- Born: 1838 Mendki, Mauranipur, Jhansi district, Uttar Pradesh, India
- Died: 1909 (aged 70–71)
- Other names: Isuri Babba, Hartal Isuri, Isuri Prasad
- Occupation: Bundeli poet
- Notable work: Over a thousand Phaag (folk songs), Chaukaria Phag
- Parent: Bholanath Arjariya (father)

= Isuri =

Isuri (1838—1909) is a Bundeli poet from Bundelkhand region. He is credited with having composed over a thousand Phaag, a form of folk songs.

The poetic works of Isuri have gained widespread acclaim among the people of the Bundelkhand region. His four-lined compositions, known as Chaukaria Phag, have become integral to the local folk musical tradition of the Bundelkhand region and Madhya Pradesh.

== Life ==

Isuri was born in the village of Mendki in the present-day Mauranipur tehsil of Jhansi district in the state of Uttar Pradesh. He was popularly known as Isuri Babba. His full name was Hartal Isuri or Isuri Prasad. He was a contemporary of Pandit Gangadhar Vyas during the Bharatendu era.

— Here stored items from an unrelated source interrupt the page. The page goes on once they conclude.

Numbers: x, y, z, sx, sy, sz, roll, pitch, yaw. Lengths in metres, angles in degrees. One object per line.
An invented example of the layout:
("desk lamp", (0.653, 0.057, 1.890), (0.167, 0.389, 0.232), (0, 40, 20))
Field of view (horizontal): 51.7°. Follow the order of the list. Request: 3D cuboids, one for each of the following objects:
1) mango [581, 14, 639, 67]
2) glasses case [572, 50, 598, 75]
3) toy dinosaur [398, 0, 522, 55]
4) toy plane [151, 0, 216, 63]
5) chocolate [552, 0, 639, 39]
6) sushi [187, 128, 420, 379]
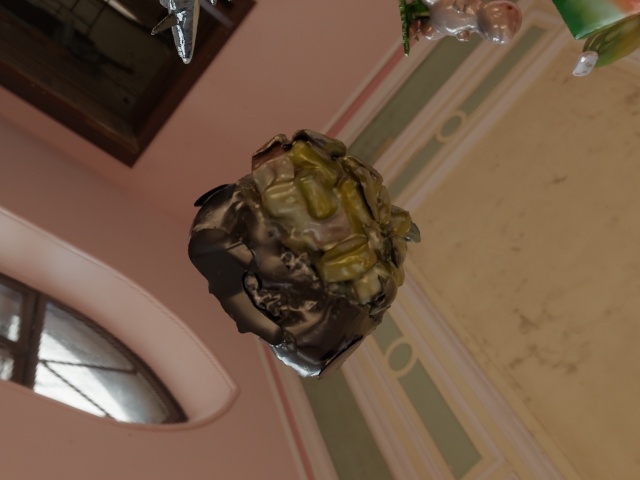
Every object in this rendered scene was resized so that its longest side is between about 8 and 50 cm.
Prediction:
("mango", (0.624, -0.430, 1.360), (0.237, 0.091, 0.137), (-37, 168, -43))
("glasses case", (0.518, -0.345, 1.291), (0.083, 0.032, 0.021), (71, 21, -75))
("toy dinosaur", (0.209, -0.366, 0.996), (0.177, 0.152, 0.194), (-2, -142, 12))
("toy plane", (-0.108, -0.218, 0.479), (0.082, 0.160, 0.234), (-43, 161, -43))
("chocolate", (0.384, -0.456, 0.779), (0.341, 0.360, 0.161), (-16, -154, 53))
("sushi", (0.000, 0.000, 1.009), (0.328, 0.329, 0.285), (45, -76, 18))
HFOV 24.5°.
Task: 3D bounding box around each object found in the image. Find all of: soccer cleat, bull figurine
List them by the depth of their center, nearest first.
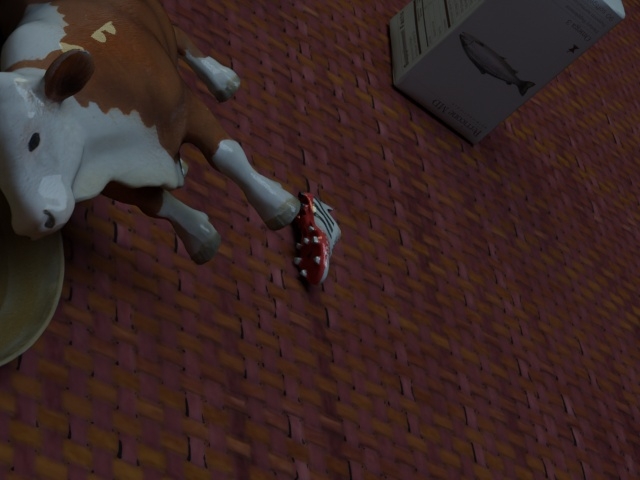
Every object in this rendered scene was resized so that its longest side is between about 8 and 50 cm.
[{"bbox_3d":[-0.116,-0.080,0.831,0.188,0.101,0.310,42,16,-30],"label":"bull figurine"},{"bbox_3d":[0.000,0.000,1.009,0.035,0.029,0.083,23,34,-30],"label":"soccer cleat"}]

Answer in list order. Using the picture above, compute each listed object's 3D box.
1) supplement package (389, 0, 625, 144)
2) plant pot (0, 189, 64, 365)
[{"bbox_3d":[0.158,-0.192,1.282,0.105,0.179,0.105,32,34,-26],"label":"supplement package"},{"bbox_3d":[-0.234,-0.024,0.727,0.236,0.032,0.236,34,32,-25],"label":"plant pot"}]
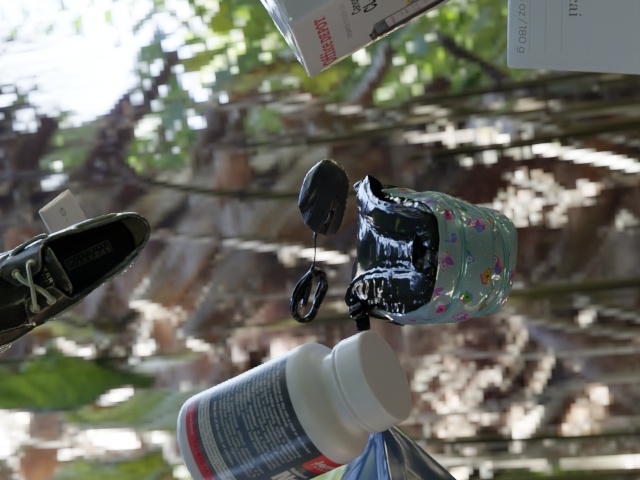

Isuri's father was named Bholanath Arjariya. After losing his parents in childhood, he was raised in his maternal grandmother's house. His ancestors originated from the Orchha State and later settled in Mendki village. The house where Isuri lived still stands in Mendki village of Mauranipur tehsil.

He chose to write about the ongoing situation, creating awareness among the people of Bundelkhand against British rule. His romantic poetry was inspired by a girl named Rajjo or Rajau. Isuri also wrote about the culture and traditions of Bundelkhand. His works are recognized for their authentic representation of rural culture and beauty.

Numerous books featuring collections of Isuri's poetry and phaag have been published by various government and literary organizations, including Sahitya Akademi, Bundelkhand Sahitya Akademi, Adivasi Lok Kala Academy, and Madhya Pradesh Sanskrit Parishad.

== Legend ==
In 2013, the Madhya Pradesh School of Drama (MPSD) students performed the play Hansa Ud Chal Des, depicting the life of Isuri, at the Ravindra Bhavan Auditorium, Bhopal. A research institute, Isuri Shodh Sansthan, was established in his village Mendki, but due to government neglect, it has since been closed.

Under the Madhya Pradesh government, the Madhya Pradesh Sahitya Academy has established the Isuri Puraskar, an annual literary award recognizing writers or poets for their noteworthy contributions to Bundeli folk poetry and literature.